On March 10, 2010, Health Grades had an interview with Patent Office staff in which the prior art and Health Grades' amendment were discussed. (ECF No. 295-3.) The patent history does not reveal the content of the discussions beyond the fact that " [n]o agreement was reached." (ECF No. 295-3 at 4.)

The Initial Amendment, Health Grades concedes, " was made for reasons of patentability ( i.e., to distinguish prior art) but did not result in the Patent Office allowing the claims. Instead, the Patent Office required additional amendments before it allowed the claims." (ECF No. 201 at n.9.) In April 2010, after the meeting at the Patent Office, Health Grades submitted more extensive amendments to its claims (the " Supplemental Amendment" ). After the Supplemental Amendment, Claim 1 read:

A computer-implemented method of providing healthcare provider information to potential patients, said method comprising:
receiving, by a Web server computer of a company providing a service for connecting healthcare providers with the potential patients, a request for information regarding a first healthcare provider, wherein the Web server computer comprises at least one computer processor and memory;
accessing healthcare provider-verified information about the first healthcare provider, wherein the healthcare provider-verified information is received from the first healthcare provider and comprises three or more from the group consisting of: specialty information, medical philosophy, gender, age, years in profession, years in practice, awards, honors, professional appointments, professional memberships, publications, languages, and hobbies;
compiling, by the at least one computer processor, past patientpatient-provided information regarding the first healthcare provider, wherein the patient-provided information comprises patient ratings from one or more past or current patients of the first healthcare provider, and wherein the patient ratings are received from an on-line patient experience survey completed on a company Web site by the one or more past or current patients of the first healthcare provider, and wherein the company Web site is managed by the company providing the service for connecting healthcare providers with the potential patients;
compiling information regarding the first healthcare provider verified by an independent third-party source, sourceswherein the information verified by the independent third-party source comprises three or more from the group consisting of: board certification, licensure, disciplinary action information, medical school, medical internship, medical residency, and medical fellowship information;

Page 1211

creating, by [[a]] the at least one computer processor, a healthcare provider report on the first healthcare provider using the healthcare provider-verified information, the past patientpatient-provided information, and the information verified by the independent third-party source, wherein the healthcare provider report on the first healthcare provider includes comparison ratings of healthcare providers; and
providing access to the healthcare provider report on the first healthcare provider over a computer network.

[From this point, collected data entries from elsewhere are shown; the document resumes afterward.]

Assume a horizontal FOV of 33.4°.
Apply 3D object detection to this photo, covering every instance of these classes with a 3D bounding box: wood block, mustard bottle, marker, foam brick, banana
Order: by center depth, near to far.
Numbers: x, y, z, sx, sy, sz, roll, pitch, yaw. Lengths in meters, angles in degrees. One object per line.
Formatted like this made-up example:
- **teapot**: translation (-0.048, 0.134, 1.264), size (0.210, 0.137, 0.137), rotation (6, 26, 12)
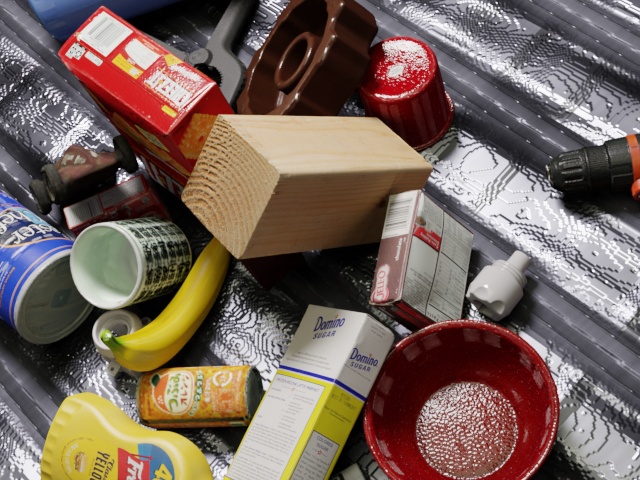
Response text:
- **marker**: translation (-0.018, 0.228, 0.910), size (0.121, 0.020, 0.020), rotation (-29, 58, -2)
- **mustard bottle**: translation (-0.151, 0.209, 0.927), size (0.192, 0.058, 0.096), rotation (20, 96, 23)
- **wood block**: translation (-0.008, -0.051, 0.950), size (0.090, 0.205, 0.091), rotation (45, 121, 30)
- **banana**: translation (-0.134, 0.066, 0.993), size (0.037, 0.070, 0.197), rotation (20, 37, 18)
- **foam brick**: translation (-0.057, 0.001, 1.014), size (0.053, 0.078, 0.051), rotation (-37, 60, -7)

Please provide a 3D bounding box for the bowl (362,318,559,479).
- **bowl**: translation (0.119, 0.150, 0.894), size (0.162, 0.055, 0.162), rotation (-7, 60, 12)

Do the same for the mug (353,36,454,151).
- **mug**: translation (0.071, -0.152, 1.062), size (0.117, 0.081, 0.093), rotation (27, 72, 27)

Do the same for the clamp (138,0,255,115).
- **clamp**: translation (-0.140, -0.190, 1.169), size (0.164, 0.036, 0.210), rotation (-14, 56, 8)

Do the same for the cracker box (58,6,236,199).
- **cracker box**: translation (-0.136, -0.102, 1.015), size (0.164, 0.213, 0.072), rotation (36, 77, 29)

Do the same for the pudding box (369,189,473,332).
- **pudding box**: translation (0.092, 0.024, 0.950), size (0.039, 0.090, 0.113), rotation (-10, 56, 41)

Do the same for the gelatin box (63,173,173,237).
- **gelatin box**: translation (-0.200, -0.021, 1.070), size (0.089, 0.073, 0.030), rotation (-24, 59, 0)

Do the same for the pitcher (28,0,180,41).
- **pitcher**: translation (-0.209, -0.322, 1.217), size (0.243, 0.149, 0.145), rotation (-20, 70, 10)

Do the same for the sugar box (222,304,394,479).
- **sugar box**: translation (-0.010, 0.144, 0.909), size (0.093, 0.048, 0.176), rotation (5, 62, 57)

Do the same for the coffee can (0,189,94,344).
- **coffee can**: translation (-0.299, 0.024, 1.054), size (0.140, 0.102, 0.102), rotation (31, 73, 28)
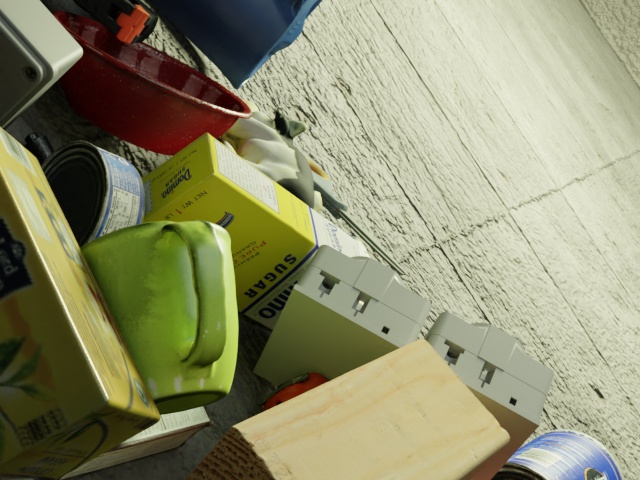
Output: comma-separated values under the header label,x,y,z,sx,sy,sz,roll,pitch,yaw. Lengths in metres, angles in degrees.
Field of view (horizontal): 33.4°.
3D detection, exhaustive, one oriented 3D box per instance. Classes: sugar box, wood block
label,x,y,z,sx,sy,sz,roll,pitch,yaw
sugar box,-0.055,0.001,0.769,0.176,0.093,0.048,36,32,-41
wood block,0.014,0.138,0.620,0.090,0.091,0.205,48,29,17

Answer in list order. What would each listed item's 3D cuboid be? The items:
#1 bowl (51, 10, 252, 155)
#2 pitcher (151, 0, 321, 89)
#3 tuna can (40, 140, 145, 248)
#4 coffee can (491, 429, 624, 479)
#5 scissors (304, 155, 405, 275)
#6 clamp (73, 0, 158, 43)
label,x,y,z,sx,sy,sz,roll,pitch,yaw
bowl,-0.133,-0.108,0.788,0.162,0.055,0.162,27,12,-7
pitcher,-0.113,-0.250,0.905,0.243,0.149,0.145,43,20,-6
tuna can,-0.150,-0.017,0.670,0.033,0.086,0.086,23,41,-47
coffee can,0.188,0.224,0.904,0.140,0.103,0.103,-4,62,-58
scissors,0.016,-0.033,0.949,0.202,0.016,0.096,42,13,19
clamp,-0.168,-0.194,0.840,0.120,0.039,0.172,16,24,-47
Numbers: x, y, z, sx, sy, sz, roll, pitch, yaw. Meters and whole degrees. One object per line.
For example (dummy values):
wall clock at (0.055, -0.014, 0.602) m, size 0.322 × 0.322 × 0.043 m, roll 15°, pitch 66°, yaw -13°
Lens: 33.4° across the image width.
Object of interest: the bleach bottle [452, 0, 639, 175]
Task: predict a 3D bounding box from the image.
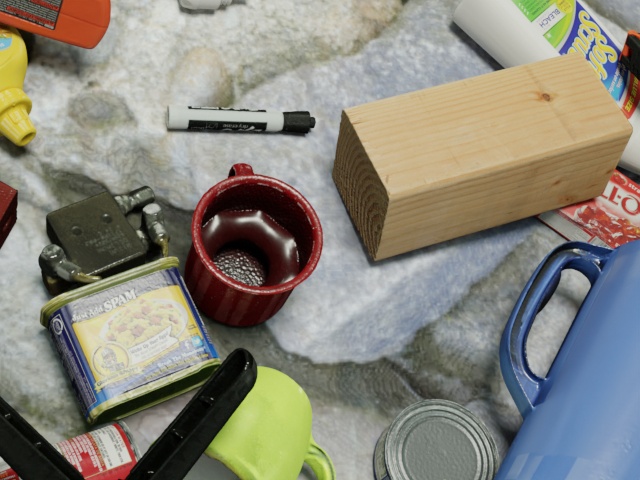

(ECF No. 195-3, Patent History File Portions, at 4-5 (strike-outs and underlining in original to reflect amendments).) After this second wave of amendments, on July 6, 2010, the '060 Patent issued.

C. Whether the Tangential Exception Applies

To rebut the Festo presumption, Health Grades must demonstrate that the rationale underlying any narrowing amendments bore no more than a tangential relationship to the accused equivalent. Festo, 344 F.3d at 1369. " In other words, this criterion asks whether the reason for the narrowing amendment was peripheral, or not directly relevant, to the alleged equivalent." Id. The Federal Circuit went on to note that although it could not " anticipate the instances of mere tangentialness that may arise, we can say that an amendment made to avoid prior art that contains the equivalent in question is not tangential; it is central to allowance of the claim." Id. The Federal Circuit made clear that courts should focus on " the patentee's objective apparent reason for the narrowing amendment...that reason should be discernible from the prosecution history record, if the public notice function of a patent and prosecution history is to have significance." Id.

When the court is " unable to determine the purpose underlying a narrowing amendment--and hence a rationale for limiting the estoppel to the surrender of particular equivalents--the court should presume that the patentee surrendered all subject matter between the broader and the narrower language." Id. at 1366 (quoting Festo at 740). The tangential relation criterion for overcoming the Festo presumption is very narrow. Honeywell Int'l, Inc. v. Hamilton Sundstrand Corp., 523 F.3d 1304, 1315 (Fed. Cir. 2008) (citing Cross Med. Prods., Inc. v. Medtronic Sofamor Danek, Inc., 480 F.3d 1335, 1342 (Fed. Cir. 2007)).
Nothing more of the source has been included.